▸ Task prompt:
Retype every line from the start of the entries below down to the line with "Offer a very short reply. 301.19.", both ends included; skip the pictures.

----------------------------------------

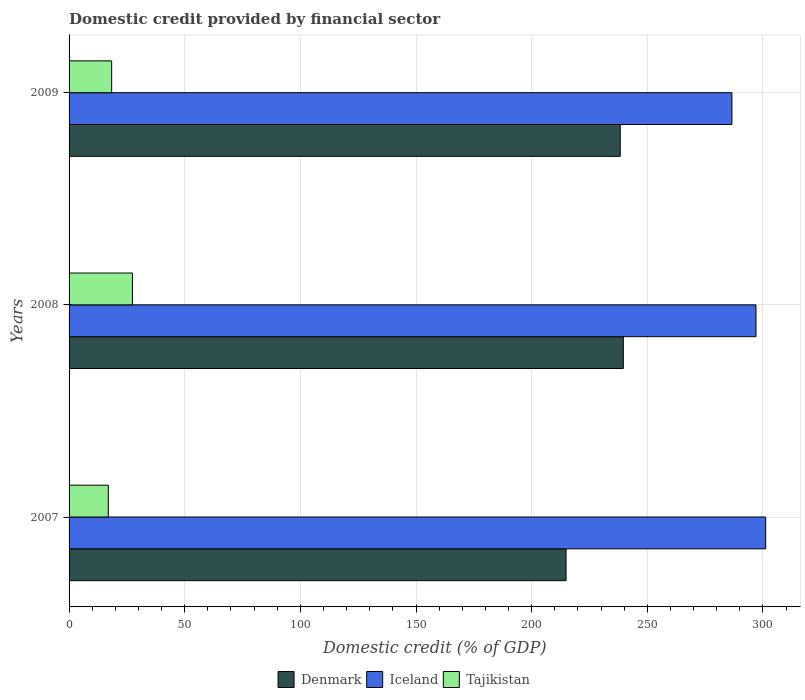How many different coloured bars are there?
Provide a succinct answer. 3. Are the number of bars per tick equal to the number of legend labels?
Keep it short and to the point. Yes. How many bars are there on the 1st tick from the bottom?
Make the answer very short. 3. In how many cases, is the number of bars for a given year not equal to the number of legend labels?
Your answer should be very brief. 0. What is the domestic credit in Iceland in 2008?
Keep it short and to the point. 297. Across all years, what is the maximum domestic credit in Iceland?
Offer a very short reply. 301.19. Across all years, what is the minimum domestic credit in Tajikistan?
Your response must be concise. 16.96. In which year was the domestic credit in Iceland minimum?
Provide a succinct answer. 2009. What is the total domestic credit in Tajikistan in the graph?
Your answer should be very brief. 62.78. What is the difference between the domestic credit in Tajikistan in 2007 and that in 2009?
Your answer should be compact. -1.45. What is the difference between the domestic credit in Denmark in 2008 and the domestic credit in Tajikistan in 2007?
Keep it short and to the point. 222.68. What is the average domestic credit in Tajikistan per year?
Provide a short and direct response. 20.93. In the year 2008, what is the difference between the domestic credit in Tajikistan and domestic credit in Denmark?
Make the answer very short. -212.24. In how many years, is the domestic credit in Denmark greater than 200 %?
Your answer should be very brief. 3. What is the ratio of the domestic credit in Tajikistan in 2008 to that in 2009?
Provide a succinct answer. 1.49. What is the difference between the highest and the second highest domestic credit in Denmark?
Your response must be concise. 1.34. What is the difference between the highest and the lowest domestic credit in Denmark?
Offer a very short reply. 24.75. Is the sum of the domestic credit in Denmark in 2007 and 2008 greater than the maximum domestic credit in Iceland across all years?
Keep it short and to the point. Yes. What does the 2nd bar from the top in 2007 represents?
Make the answer very short. Iceland. Is it the case that in every year, the sum of the domestic credit in Tajikistan and domestic credit in Denmark is greater than the domestic credit in Iceland?
Provide a short and direct response. No. How many bars are there?
Provide a succinct answer. 9. Are all the bars in the graph horizontal?
Ensure brevity in your answer.  Yes. Does the graph contain any zero values?
Keep it short and to the point. No. Where does the legend appear in the graph?
Make the answer very short. Bottom center. How many legend labels are there?
Offer a terse response. 3. How are the legend labels stacked?
Offer a very short reply. Horizontal. What is the title of the graph?
Your answer should be compact. Domestic credit provided by financial sector. Does "Virgin Islands" appear as one of the legend labels in the graph?
Offer a very short reply. No. What is the label or title of the X-axis?
Provide a succinct answer. Domestic credit (% of GDP). What is the Domestic credit (% of GDP) in Denmark in 2007?
Make the answer very short. 214.89. What is the Domestic credit (% of GDP) of Iceland in 2007?
Give a very brief answer. 301.19. What is the Domestic credit (% of GDP) of Tajikistan in 2007?
Your answer should be compact. 16.96. What is the Domestic credit (% of GDP) of Denmark in 2008?
Provide a short and direct response. 239.64. What is the Domestic credit (% of GDP) of Iceland in 2008?
Your response must be concise. 297. What is the Domestic credit (% of GDP) in Tajikistan in 2008?
Your response must be concise. 27.41. What is the Domestic credit (% of GDP) in Denmark in 2009?
Keep it short and to the point. 238.3. What is the Domestic credit (% of GDP) in Iceland in 2009?
Provide a succinct answer. 286.6. What is the Domestic credit (% of GDP) in Tajikistan in 2009?
Give a very brief answer. 18.41. Across all years, what is the maximum Domestic credit (% of GDP) of Denmark?
Provide a short and direct response. 239.64. Across all years, what is the maximum Domestic credit (% of GDP) of Iceland?
Provide a short and direct response. 301.19. Across all years, what is the maximum Domestic credit (% of GDP) of Tajikistan?
Your answer should be compact. 27.41. Across all years, what is the minimum Domestic credit (% of GDP) in Denmark?
Ensure brevity in your answer.  214.89. Across all years, what is the minimum Domestic credit (% of GDP) in Iceland?
Provide a short and direct response. 286.6. Across all years, what is the minimum Domestic credit (% of GDP) in Tajikistan?
Ensure brevity in your answer.  16.96. What is the total Domestic credit (% of GDP) of Denmark in the graph?
Your answer should be very brief. 692.83. What is the total Domestic credit (% of GDP) of Iceland in the graph?
Your answer should be very brief. 884.79. What is the total Domestic credit (% of GDP) in Tajikistan in the graph?
Make the answer very short. 62.78. What is the difference between the Domestic credit (% of GDP) in Denmark in 2007 and that in 2008?
Offer a terse response. -24.75. What is the difference between the Domestic credit (% of GDP) in Iceland in 2007 and that in 2008?
Provide a succinct answer. 4.18. What is the difference between the Domestic credit (% of GDP) of Tajikistan in 2007 and that in 2008?
Give a very brief answer. -10.44. What is the difference between the Domestic credit (% of GDP) of Denmark in 2007 and that in 2009?
Provide a succinct answer. -23.41. What is the difference between the Domestic credit (% of GDP) in Iceland in 2007 and that in 2009?
Give a very brief answer. 14.59. What is the difference between the Domestic credit (% of GDP) of Tajikistan in 2007 and that in 2009?
Provide a short and direct response. -1.45. What is the difference between the Domestic credit (% of GDP) of Denmark in 2008 and that in 2009?
Offer a very short reply. 1.34. What is the difference between the Domestic credit (% of GDP) in Iceland in 2008 and that in 2009?
Your response must be concise. 10.41. What is the difference between the Domestic credit (% of GDP) in Tajikistan in 2008 and that in 2009?
Offer a very short reply. 8.99. What is the difference between the Domestic credit (% of GDP) in Denmark in 2007 and the Domestic credit (% of GDP) in Iceland in 2008?
Your answer should be compact. -82.11. What is the difference between the Domestic credit (% of GDP) of Denmark in 2007 and the Domestic credit (% of GDP) of Tajikistan in 2008?
Provide a succinct answer. 187.49. What is the difference between the Domestic credit (% of GDP) of Iceland in 2007 and the Domestic credit (% of GDP) of Tajikistan in 2008?
Your answer should be very brief. 273.78. What is the difference between the Domestic credit (% of GDP) of Denmark in 2007 and the Domestic credit (% of GDP) of Iceland in 2009?
Provide a short and direct response. -71.7. What is the difference between the Domestic credit (% of GDP) of Denmark in 2007 and the Domestic credit (% of GDP) of Tajikistan in 2009?
Offer a very short reply. 196.48. What is the difference between the Domestic credit (% of GDP) in Iceland in 2007 and the Domestic credit (% of GDP) in Tajikistan in 2009?
Offer a very short reply. 282.77. What is the difference between the Domestic credit (% of GDP) of Denmark in 2008 and the Domestic credit (% of GDP) of Iceland in 2009?
Provide a succinct answer. -46.95. What is the difference between the Domestic credit (% of GDP) in Denmark in 2008 and the Domestic credit (% of GDP) in Tajikistan in 2009?
Ensure brevity in your answer.  221.23. What is the difference between the Domestic credit (% of GDP) in Iceland in 2008 and the Domestic credit (% of GDP) in Tajikistan in 2009?
Ensure brevity in your answer.  278.59. What is the average Domestic credit (% of GDP) of Denmark per year?
Give a very brief answer. 230.94. What is the average Domestic credit (% of GDP) in Iceland per year?
Offer a very short reply. 294.93. What is the average Domestic credit (% of GDP) in Tajikistan per year?
Your answer should be compact. 20.93. In the year 2007, what is the difference between the Domestic credit (% of GDP) of Denmark and Domestic credit (% of GDP) of Iceland?
Ensure brevity in your answer.  -86.29. In the year 2007, what is the difference between the Domestic credit (% of GDP) in Denmark and Domestic credit (% of GDP) in Tajikistan?
Provide a succinct answer. 197.93. In the year 2007, what is the difference between the Domestic credit (% of GDP) of Iceland and Domestic credit (% of GDP) of Tajikistan?
Provide a short and direct response. 284.22. In the year 2008, what is the difference between the Domestic credit (% of GDP) in Denmark and Domestic credit (% of GDP) in Iceland?
Your response must be concise. -57.36. In the year 2008, what is the difference between the Domestic credit (% of GDP) of Denmark and Domestic credit (% of GDP) of Tajikistan?
Keep it short and to the point. 212.24. In the year 2008, what is the difference between the Domestic credit (% of GDP) in Iceland and Domestic credit (% of GDP) in Tajikistan?
Keep it short and to the point. 269.6. In the year 2009, what is the difference between the Domestic credit (% of GDP) of Denmark and Domestic credit (% of GDP) of Iceland?
Ensure brevity in your answer.  -48.3. In the year 2009, what is the difference between the Domestic credit (% of GDP) of Denmark and Domestic credit (% of GDP) of Tajikistan?
Your answer should be compact. 219.89. In the year 2009, what is the difference between the Domestic credit (% of GDP) in Iceland and Domestic credit (% of GDP) in Tajikistan?
Your answer should be very brief. 268.18. What is the ratio of the Domestic credit (% of GDP) in Denmark in 2007 to that in 2008?
Ensure brevity in your answer.  0.9. What is the ratio of the Domestic credit (% of GDP) of Iceland in 2007 to that in 2008?
Make the answer very short. 1.01. What is the ratio of the Domestic credit (% of GDP) in Tajikistan in 2007 to that in 2008?
Provide a succinct answer. 0.62. What is the ratio of the Domestic credit (% of GDP) of Denmark in 2007 to that in 2009?
Provide a short and direct response. 0.9. What is the ratio of the Domestic credit (% of GDP) in Iceland in 2007 to that in 2009?
Your answer should be very brief. 1.05. What is the ratio of the Domestic credit (% of GDP) of Tajikistan in 2007 to that in 2009?
Your answer should be very brief. 0.92. What is the ratio of the Domestic credit (% of GDP) in Denmark in 2008 to that in 2009?
Provide a succinct answer. 1.01. What is the ratio of the Domestic credit (% of GDP) in Iceland in 2008 to that in 2009?
Offer a terse response. 1.04. What is the ratio of the Domestic credit (% of GDP) in Tajikistan in 2008 to that in 2009?
Your answer should be very brief. 1.49. What is the difference between the highest and the second highest Domestic credit (% of GDP) of Denmark?
Offer a terse response. 1.34. What is the difference between the highest and the second highest Domestic credit (% of GDP) of Iceland?
Make the answer very short. 4.18. What is the difference between the highest and the second highest Domestic credit (% of GDP) in Tajikistan?
Ensure brevity in your answer.  8.99. What is the difference between the highest and the lowest Domestic credit (% of GDP) in Denmark?
Your answer should be very brief. 24.75. What is the difference between the highest and the lowest Domestic credit (% of GDP) of Iceland?
Offer a very short reply. 14.59. What is the difference between the highest and the lowest Domestic credit (% of GDP) of Tajikistan?
Make the answer very short. 10.44.

----------------------------------------

▸ Exercise solution:
How many different coloured bars are there?
Provide a succinct answer. 3. Are the number of bars per tick equal to the number of legend labels?
Keep it short and to the point. Yes. How many bars are there on the 1st tick from the bottom?
Make the answer very short. 3. In how many cases, is the number of bars for a given year not equal to the number of legend labels?
Your answer should be very brief. 0. What is the domestic credit in Iceland in 2008?
Keep it short and to the point. 297. Across all years, what is the maximum domestic credit in Iceland?
Offer a very short reply. 301.19. Across all years, what is the minimum domestic credit in Tajikistan?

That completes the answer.